An exact copy of all the entries is what is needed here.

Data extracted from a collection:
------------------------
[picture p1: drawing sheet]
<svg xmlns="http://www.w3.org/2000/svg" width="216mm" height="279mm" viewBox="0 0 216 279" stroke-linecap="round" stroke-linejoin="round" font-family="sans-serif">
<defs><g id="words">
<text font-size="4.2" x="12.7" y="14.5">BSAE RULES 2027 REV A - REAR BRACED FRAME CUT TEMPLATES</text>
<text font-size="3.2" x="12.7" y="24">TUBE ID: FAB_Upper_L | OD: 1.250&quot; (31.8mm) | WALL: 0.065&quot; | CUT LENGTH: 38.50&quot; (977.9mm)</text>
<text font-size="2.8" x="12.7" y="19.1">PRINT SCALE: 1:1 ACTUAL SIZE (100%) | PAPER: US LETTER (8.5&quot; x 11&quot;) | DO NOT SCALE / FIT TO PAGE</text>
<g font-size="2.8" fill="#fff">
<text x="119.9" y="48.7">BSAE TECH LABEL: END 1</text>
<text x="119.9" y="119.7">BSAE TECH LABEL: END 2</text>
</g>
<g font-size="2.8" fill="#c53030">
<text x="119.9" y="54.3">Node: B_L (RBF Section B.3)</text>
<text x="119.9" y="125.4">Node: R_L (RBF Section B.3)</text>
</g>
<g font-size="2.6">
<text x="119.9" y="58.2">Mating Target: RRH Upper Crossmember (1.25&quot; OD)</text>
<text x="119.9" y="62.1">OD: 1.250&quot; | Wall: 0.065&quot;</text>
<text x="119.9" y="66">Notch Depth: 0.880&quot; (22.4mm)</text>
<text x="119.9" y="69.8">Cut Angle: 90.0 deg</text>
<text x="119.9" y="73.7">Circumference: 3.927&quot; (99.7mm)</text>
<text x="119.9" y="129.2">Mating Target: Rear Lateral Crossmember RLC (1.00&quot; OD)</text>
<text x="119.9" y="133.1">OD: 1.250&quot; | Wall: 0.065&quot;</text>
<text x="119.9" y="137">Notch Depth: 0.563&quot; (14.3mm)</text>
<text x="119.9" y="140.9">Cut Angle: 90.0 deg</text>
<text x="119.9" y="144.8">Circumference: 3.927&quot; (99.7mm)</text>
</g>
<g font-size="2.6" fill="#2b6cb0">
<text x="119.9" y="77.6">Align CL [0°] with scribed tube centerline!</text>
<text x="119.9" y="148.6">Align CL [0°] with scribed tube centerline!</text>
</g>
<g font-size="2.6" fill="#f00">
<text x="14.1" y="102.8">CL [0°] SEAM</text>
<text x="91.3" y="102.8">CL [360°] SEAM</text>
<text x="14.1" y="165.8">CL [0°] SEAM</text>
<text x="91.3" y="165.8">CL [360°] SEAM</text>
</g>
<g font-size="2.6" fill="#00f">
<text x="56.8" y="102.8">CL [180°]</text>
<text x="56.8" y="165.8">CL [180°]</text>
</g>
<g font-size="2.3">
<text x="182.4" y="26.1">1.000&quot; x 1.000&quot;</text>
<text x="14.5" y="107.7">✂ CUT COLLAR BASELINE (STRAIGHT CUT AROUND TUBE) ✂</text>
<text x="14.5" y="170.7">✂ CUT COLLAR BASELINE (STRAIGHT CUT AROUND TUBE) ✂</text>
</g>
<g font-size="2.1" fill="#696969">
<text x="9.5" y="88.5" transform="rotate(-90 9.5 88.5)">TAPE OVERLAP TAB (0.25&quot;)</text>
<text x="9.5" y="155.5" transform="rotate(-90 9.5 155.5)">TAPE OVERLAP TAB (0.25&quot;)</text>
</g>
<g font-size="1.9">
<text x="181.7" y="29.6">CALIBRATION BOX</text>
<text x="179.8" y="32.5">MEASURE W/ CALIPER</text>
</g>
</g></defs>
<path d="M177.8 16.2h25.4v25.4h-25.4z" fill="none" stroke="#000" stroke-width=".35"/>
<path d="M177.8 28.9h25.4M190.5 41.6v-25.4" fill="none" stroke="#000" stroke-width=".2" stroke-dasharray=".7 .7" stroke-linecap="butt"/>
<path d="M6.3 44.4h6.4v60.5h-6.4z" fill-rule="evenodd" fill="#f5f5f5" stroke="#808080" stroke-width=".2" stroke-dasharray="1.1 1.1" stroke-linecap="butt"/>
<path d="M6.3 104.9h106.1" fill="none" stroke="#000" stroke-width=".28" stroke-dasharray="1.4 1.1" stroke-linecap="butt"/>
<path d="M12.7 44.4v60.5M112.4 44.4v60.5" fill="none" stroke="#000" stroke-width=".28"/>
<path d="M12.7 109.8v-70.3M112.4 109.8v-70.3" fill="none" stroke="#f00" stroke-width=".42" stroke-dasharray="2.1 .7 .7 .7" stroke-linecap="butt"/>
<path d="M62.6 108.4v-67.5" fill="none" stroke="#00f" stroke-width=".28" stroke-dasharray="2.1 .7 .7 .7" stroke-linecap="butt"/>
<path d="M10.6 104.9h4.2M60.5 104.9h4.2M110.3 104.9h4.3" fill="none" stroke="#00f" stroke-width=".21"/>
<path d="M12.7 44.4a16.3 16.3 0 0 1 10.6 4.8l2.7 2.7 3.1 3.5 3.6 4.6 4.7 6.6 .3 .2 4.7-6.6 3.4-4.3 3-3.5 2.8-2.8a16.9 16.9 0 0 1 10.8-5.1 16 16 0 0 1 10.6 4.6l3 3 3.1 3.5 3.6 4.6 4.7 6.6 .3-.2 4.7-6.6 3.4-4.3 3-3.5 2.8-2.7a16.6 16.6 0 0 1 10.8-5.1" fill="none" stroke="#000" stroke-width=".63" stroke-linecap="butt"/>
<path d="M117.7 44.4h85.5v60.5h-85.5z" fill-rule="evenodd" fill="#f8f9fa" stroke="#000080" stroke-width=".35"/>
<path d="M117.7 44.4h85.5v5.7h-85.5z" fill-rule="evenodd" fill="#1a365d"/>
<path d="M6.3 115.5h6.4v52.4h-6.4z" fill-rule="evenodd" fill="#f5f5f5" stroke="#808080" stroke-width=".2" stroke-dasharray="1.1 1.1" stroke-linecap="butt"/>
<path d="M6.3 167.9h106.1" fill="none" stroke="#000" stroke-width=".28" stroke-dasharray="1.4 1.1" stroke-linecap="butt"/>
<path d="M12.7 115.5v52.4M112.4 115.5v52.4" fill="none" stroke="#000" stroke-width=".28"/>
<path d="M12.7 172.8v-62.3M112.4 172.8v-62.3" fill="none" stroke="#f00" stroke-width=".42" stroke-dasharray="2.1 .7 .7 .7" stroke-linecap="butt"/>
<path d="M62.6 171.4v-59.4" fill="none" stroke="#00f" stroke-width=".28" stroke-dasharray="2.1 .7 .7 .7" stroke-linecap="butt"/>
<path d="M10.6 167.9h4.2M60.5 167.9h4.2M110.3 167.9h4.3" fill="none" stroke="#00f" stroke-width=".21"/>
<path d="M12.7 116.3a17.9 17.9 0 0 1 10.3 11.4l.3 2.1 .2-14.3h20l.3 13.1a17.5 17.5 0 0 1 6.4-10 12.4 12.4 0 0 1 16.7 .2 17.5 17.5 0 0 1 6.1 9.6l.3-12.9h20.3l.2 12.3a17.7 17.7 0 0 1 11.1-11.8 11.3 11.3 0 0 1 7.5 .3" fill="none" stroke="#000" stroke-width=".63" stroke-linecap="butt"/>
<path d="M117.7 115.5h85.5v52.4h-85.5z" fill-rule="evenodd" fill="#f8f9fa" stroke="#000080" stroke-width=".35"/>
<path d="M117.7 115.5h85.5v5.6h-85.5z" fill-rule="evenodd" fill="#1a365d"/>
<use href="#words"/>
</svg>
------------------------
→ Solved problem
[picture p1: drawing sheet]
<svg xmlns="http://www.w3.org/2000/svg" width="216mm" height="279mm" viewBox="0 0 216 279" stroke-linecap="round" stroke-linejoin="round" font-family="sans-serif">
<defs><g id="words">
<text font-size="4.2" x="12.7" y="14.5">BSAE RULES 2027 REV A - REAR BRACED FRAME CUT TEMPLATES</text>
<text font-size="3.2" x="12.7" y="24">TUBE ID: FAB_Upper_L | OD: 1.250&quot; (31.8mm) | WALL: 0.065&quot; | CUT LENGTH: 38.50&quot; (977.9mm)</text>
<text font-size="2.8" x="12.7" y="19.1">PRINT SCALE: 1:1 ACTUAL SIZE (100%) | PAPER: US LETTER (8.5&quot; x 11&quot;) | DO NOT SCALE / FIT TO PAGE</text>
<g font-size="2.8" fill="#fff">
<text x="119.9" y="48.7">BSAE TECH LABEL: END 1</text>
<text x="119.9" y="119.7">BSAE TECH LABEL: END 2</text>
</g>
<g font-size="2.8" fill="#c53030">
<text x="119.9" y="54.3">Node: B_L (RBF Section B.3)</text>
<text x="119.9" y="125.4">Node: R_L (RBF Section B.3)</text>
</g>
<g font-size="2.6">
<text x="119.9" y="58.2">Mating Target: RRH Upper Crossmember (1.25&quot; OD)</text>
<text x="119.9" y="62.1">OD: 1.250&quot; | Wall: 0.065&quot;</text>
<text x="119.9" y="66">Notch Depth: 0.880&quot; (22.4mm)</text>
<text x="119.9" y="69.8">Cut Angle: 90.0 deg</text>
<text x="119.9" y="73.7">Circumference: 3.927&quot; (99.7mm)</text>
<text x="119.9" y="129.2">Mating Target: Rear Lateral Crossmember RLC (1.00&quot; OD)</text>
<text x="119.9" y="133.1">OD: 1.250&quot; | Wall: 0.065&quot;</text>
<text x="119.9" y="137">Notch Depth: 0.563&quot; (14.3mm)</text>
<text x="119.9" y="140.9">Cut Angle: 90.0 deg</text>
<text x="119.9" y="144.8">Circumference: 3.927&quot; (99.7mm)</text>
</g>
<g font-size="2.6" fill="#2b6cb0">
<text x="119.9" y="77.6">Align CL [0°] with scribed tube centerline!</text>
<text x="119.9" y="148.6">Align CL [0°] with scribed tube centerline!</text>
</g>
<g font-size="2.6" fill="#f00">
<text x="14.1" y="102.8">CL [0°] SEAM</text>
<text x="91.3" y="102.8">CL [360°] SEAM</text>
<text x="14.1" y="165.8">CL [0°] SEAM</text>
<text x="91.3" y="165.8">CL [360°] SEAM</text>
</g>
<g font-size="2.6" fill="#00f">
<text x="56.8" y="102.8">CL [180°]</text>
<text x="56.8" y="165.8">CL [180°]</text>
</g>
<g font-size="2.3">
<text x="182.4" y="26.1">1.000&quot; x 1.000&quot;</text>
<text x="14.5" y="107.7">✂ CUT COLLAR BASELINE (STRAIGHT CUT AROUND TUBE) ✂</text>
<text x="14.5" y="170.7">✂ CUT COLLAR BASELINE (STRAIGHT CUT AROUND TUBE) ✂</text>
</g>
<g font-size="2.1" fill="#696969">
<text x="9.5" y="88.5" transform="rotate(-90 9.5 88.5)">TAPE OVERLAP TAB (0.25&quot;)</text>
<text x="9.5" y="155.5" transform="rotate(-90 9.5 155.5)">TAPE OVERLAP TAB (0.25&quot;)</text>
</g>
<g font-size="1.9">
<text x="181.7" y="29.6">CALIBRATION BOX</text>
<text x="179.8" y="32.5">MEASURE W/ CALIPER</text>
</g>
</g></defs>
<path d="M177.8 16.2h25.4v25.4h-25.4z" fill="none" stroke="#000" stroke-width=".35"/>
<path d="M177.8 28.9h25.4M190.5 41.6v-25.4" fill="none" stroke="#000" stroke-width=".2" stroke-dasharray=".7 .7" stroke-linecap="butt"/>
<path d="M6.3 44.4h6.4v60.5h-6.4z" fill-rule="evenodd" fill="#f5f5f5" stroke="#808080" stroke-width=".2" stroke-dasharray="1.1 1.1" stroke-linecap="butt"/>
<path d="M6.3 104.9h106.1" fill="none" stroke="#000" stroke-width=".28" stroke-dasharray="1.4 1.1" stroke-linecap="butt"/>
<path d="M12.7 44.4v60.5M112.4 44.4v60.5" fill="none" stroke="#000" stroke-width=".28"/>
<path d="M12.7 109.8v-70.3M112.4 109.8v-70.3" fill="none" stroke="#f00" stroke-width=".42" stroke-dasharray="2.1 .7 .7 .7" stroke-linecap="butt"/>
<path d="M62.6 108.4v-67.5" fill="none" stroke="#00f" stroke-width=".28" stroke-dasharray="2.1 .7 .7 .7" stroke-linecap="butt"/>
<path d="M10.6 104.9h4.2M60.5 104.9h4.2M110.3 104.9h4.3" fill="none" stroke="#00f" stroke-width=".21"/>
<path d="M12.7 44.4a16.3 16.3 0 0 1 10.6 4.8l2.7 2.7 3.1 3.5 3.6 4.6 4.7 6.6 .3 .2 4.7-6.6 3.4-4.3 3-3.5 2.8-2.8a16.9 16.9 0 0 1 10.8-5.1 16 16 0 0 1 10.6 4.6l3 3 3.1 3.5 3.6 4.6 4.7 6.6 .3-.2 4.7-6.6 3.4-4.3 3-3.5 2.8-2.7a16.6 16.6 0 0 1 10.8-5.1" fill="none" stroke="#000" stroke-width=".63" stroke-linecap="butt"/>
<path d="M117.7 44.4h85.5v60.5h-85.5z" fill-rule="evenodd" fill="#f8f9fa" stroke="#000080" stroke-width=".35"/>
<path d="M117.7 44.4h85.5v5.7h-85.5z" fill-rule="evenodd" fill="#1a365d"/>
<path d="M6.3 115.5h6.4v52.4h-6.4z" fill-rule="evenodd" fill="#f5f5f5" stroke="#808080" stroke-width=".2" stroke-dasharray="1.1 1.1" stroke-linecap="butt"/>
<path d="M6.3 167.9h106.1" fill="none" stroke="#000" stroke-width=".28" stroke-dasharray="1.4 1.1" stroke-linecap="butt"/>
<path d="M12.7 115.5v52.4M112.4 115.5v52.4" fill="none" stroke="#000" stroke-width=".28"/>
<path d="M12.7 172.8v-62.3M112.4 172.8v-62.3" fill="none" stroke="#f00" stroke-width=".42" stroke-dasharray="2.1 .7 .7 .7" stroke-linecap="butt"/>
<path d="M62.6 171.4v-59.4" fill="none" stroke="#00f" stroke-width=".28" stroke-dasharray="2.1 .7 .7 .7" stroke-linecap="butt"/>
<path d="M10.6 167.9h4.2M60.5 167.9h4.2M110.3 167.9h4.3" fill="none" stroke="#00f" stroke-width=".21"/>
<path d="M12.7 116.3a17.9 17.9 0 0 1 10.3 11.4l.3 2.1 .2-14.3h20l.3 13.1a17.5 17.5 0 0 1 6.4-10 12.4 12.4 0 0 1 16.7 .2 17.5 17.5 0 0 1 6.1 9.6l.3-12.9h20.3l.2 12.3a17.7 17.7 0 0 1 11.1-11.8 11.3 11.3 0 0 1 7.5 .3" fill="none" stroke="#000" stroke-width=".63" stroke-linecap="butt"/>
<path d="M117.7 115.5h85.5v52.4h-85.5z" fill-rule="evenodd" fill="#f8f9fa" stroke="#000080" stroke-width=".35"/>
<path d="M117.7 115.5h85.5v5.6h-85.5z" fill-rule="evenodd" fill="#1a365d"/>
<use href="#words"/>
</svg>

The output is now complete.